I wish I could say this shit gets easier with practice. It does not help that he's ham-armed, slope-shouldered, wildly strong— each time I think he's dead, drowned, run over, picked up by sick-ohs in a van with sliding doors. And there is not a thing that I can do but wait, so all that afternoon while I was unsuccessfully trying to organise a line of credit, I ran up and down the stairs like some hairy reincarnation of our mother waiting for Blue Bones to turn up from the football in Geelong.

Each time she thought him dead, declared us orphans, and each time he came in piss-faced drunk, and we boys helped him down the hall, all sixteen stone of him.

"Come on Butcher, come on young'un, be a good fellow and go down to the Chinaman's for me." At the Chinaman's they could not see my mother's face, so it was easy for them to love my dad.

In similar fashion I now waited for my brother and when I heard him hammering on the door I became the living fury in my mother's eyes.

"You stupid cunt, where have you been?"

Well, he and his chair had been Waltzing Matilda. This sounds good but it was crap—he liked to wander, but he could not be trusted with a key and he would have gone ape shit if I was not there when he finally returned. That's how I began to take him and his damn chair around the galleries, but never mind, there were problems worse than Hugh. For instance, it was soon made very clear to me that I would never get a show without my two most persuasive pieces; one of these had been stolen by the cops, the other by Jean-Paul. Easy. You would think, Just borrow them. But Jean-Paul would not cooperate because—oh dearie me—he could no longer trust me.

"I will have it photographed," he said, "if that would help."

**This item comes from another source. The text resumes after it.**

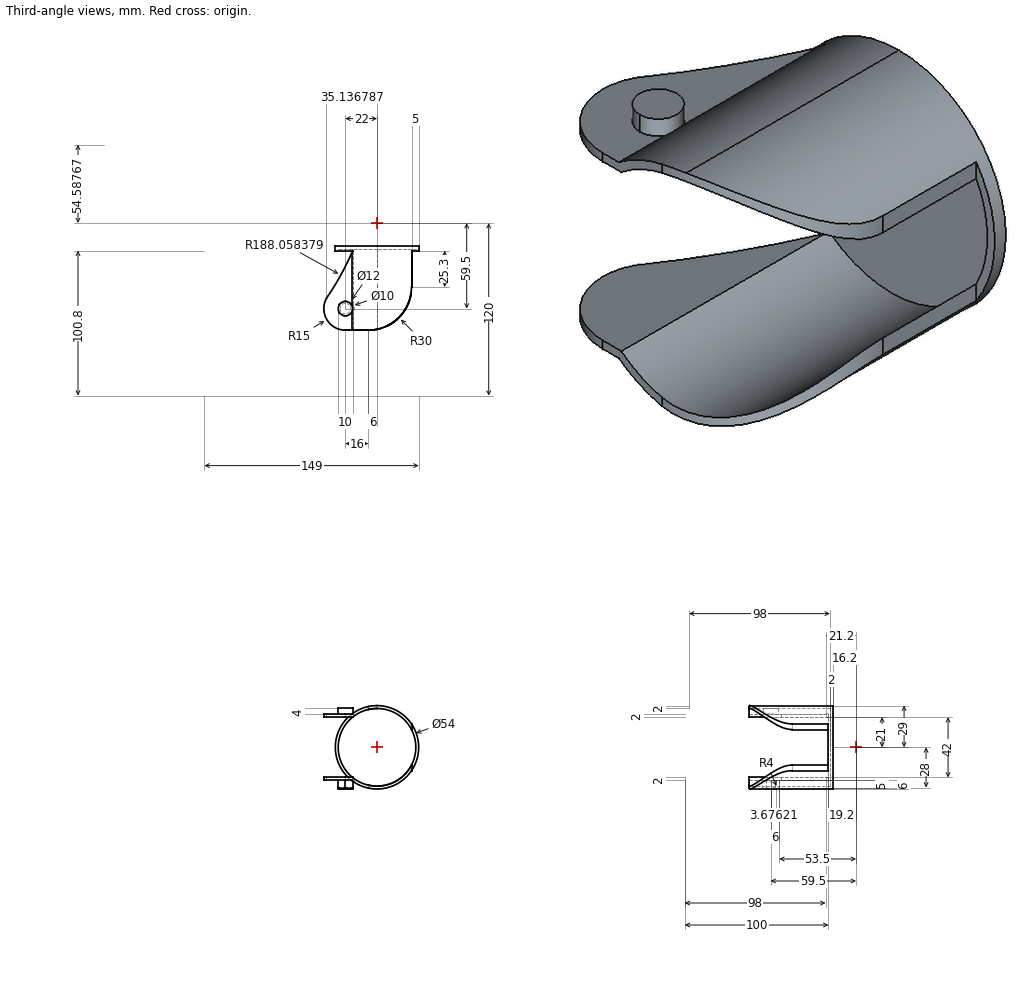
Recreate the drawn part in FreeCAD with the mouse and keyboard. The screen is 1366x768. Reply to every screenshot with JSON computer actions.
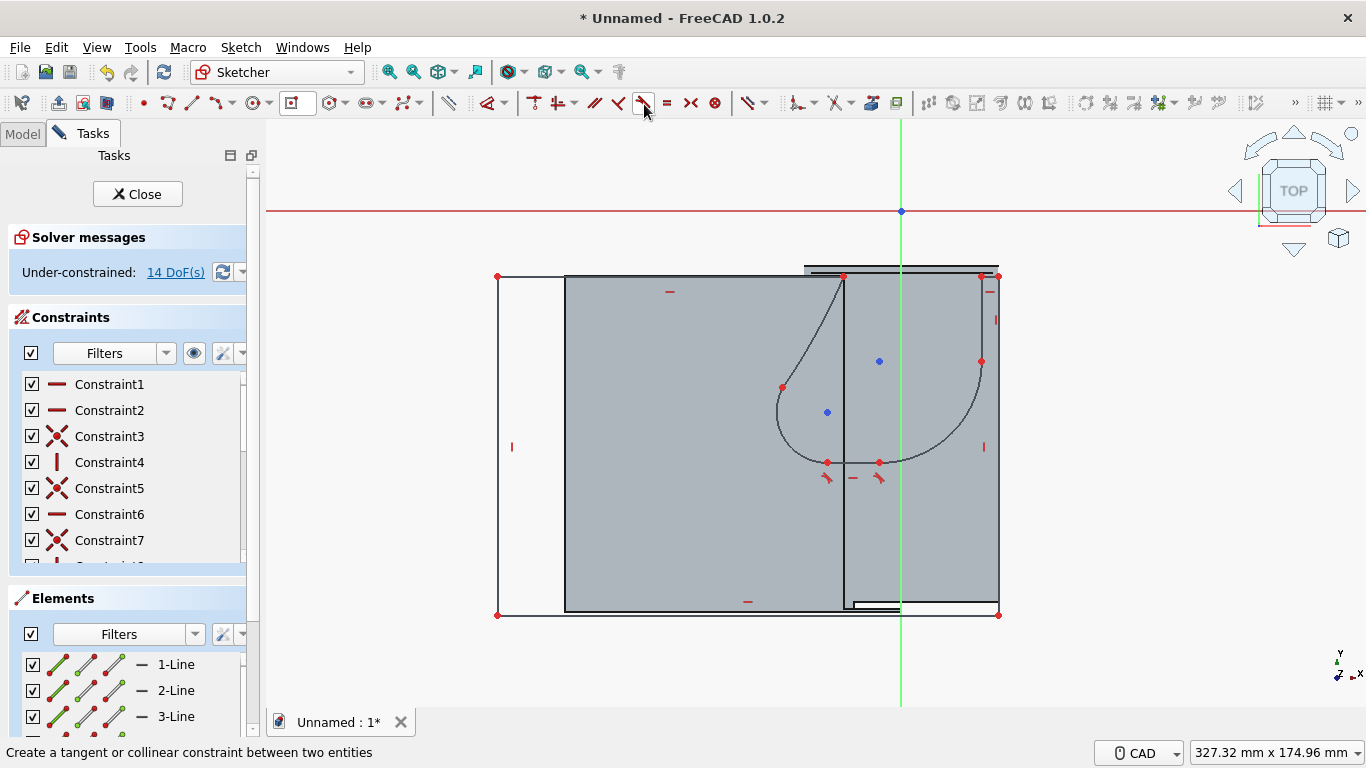
{"action": "left_click", "coordinate": [982, 302]}

"I'll need a ten by eight."

"Relax, my friend."

You prick, I thought, don't tell me to relax, you fucking thief.

"You shall have your ten by eight."

When he says "shall" and "shan't" he is pretending that he and his old man never came from Antwerp on a ten-pound migrant ticket, that they never built shearing sheds and ate cockatoos for their dinner. So where did all this "shall" and "shan't" shit come from? Suddenly he sounded like old Lady Wilson hiring her shearers—Did you shar har last yar? No? Then you shan't shar har this yar.

I asked Jean-Paul: "When shall I have my ten by eight?"